Darpa is getting ready to hand out 24-month research contracts to defense contractors Textron or General Atomics for the next phase of its High Energy Liquid Laser Area Defense System (HELLADS) program. In the works since 2003, the program is now looking to “build and ground-test” a 150 kilowatt laser weighing about 750 kilograms early in 2012. If it works, the result would not only be a power-to-weight ratio ten times better than existing laser systems. It could mean the next step in giving the U.S. a fleet of laser-blasting aircraft.
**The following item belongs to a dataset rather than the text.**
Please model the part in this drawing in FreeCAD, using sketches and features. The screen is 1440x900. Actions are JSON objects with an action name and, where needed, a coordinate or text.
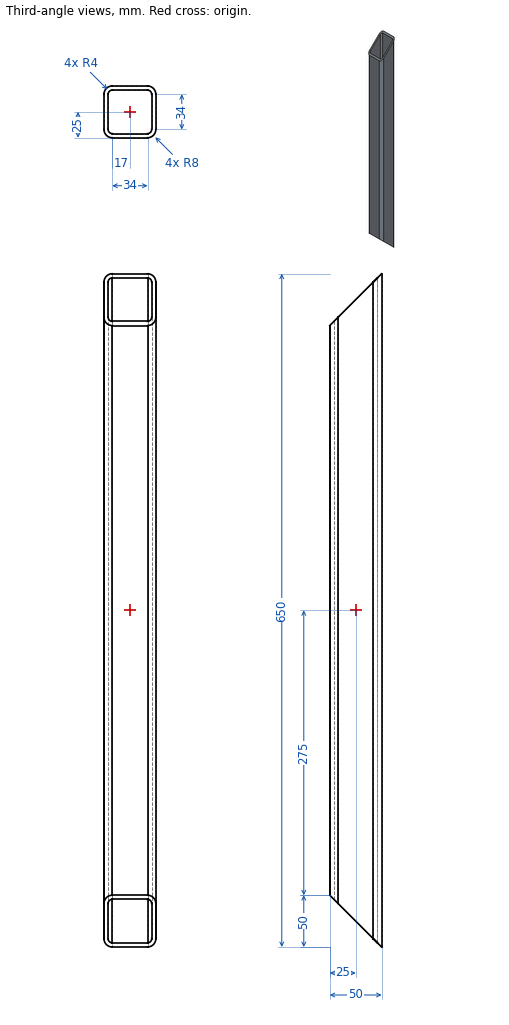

Lasers all work in pretty much the same way: Excite certain kinds of atoms, and light particles — photons — radiate out. Reflect that light back into the excited atoms, and more photons appear. But performance varies wildly, depending on the kind of “gain medium” — the type of atoms — you use to generate the beam. Textron is looking to use thin crystal slabs, if it gets the HELLADS contract. But those kind of lasers can rapidly overheat and suffer damage (a laser with a 50% efficiency generates the same amount of waste heat as the energy in the beam). A “liquid laser” like General Atomics approach to HELLADS should be less vulnerable to this, since the liquid can be cooled by circulation.
It’s one of several new ray gun research projects the military is launching, as laser weapons draw closer and closer to reality. The U.S. Air Force wants to figure out how the blasters will be incorporated into the national airspace and air traffic control system. The Navy, meanwhile, is looking to build “small, lightweight, and efficient packaging” to protect sensors from energy weapon attacks.
A specially modified 46th Test Wing NC-130H aircraft equipped with the Advanced Tactical Laser weapon system fired its laser while flying over White Sands Missile Range, N.M., successfully hitting a target board located on the ground. Equipped with a chemical laser, a beam control system, sensors and weapon-system consoles, the ATL is designed to damage, disable or destroy targets with little or no collateral damage.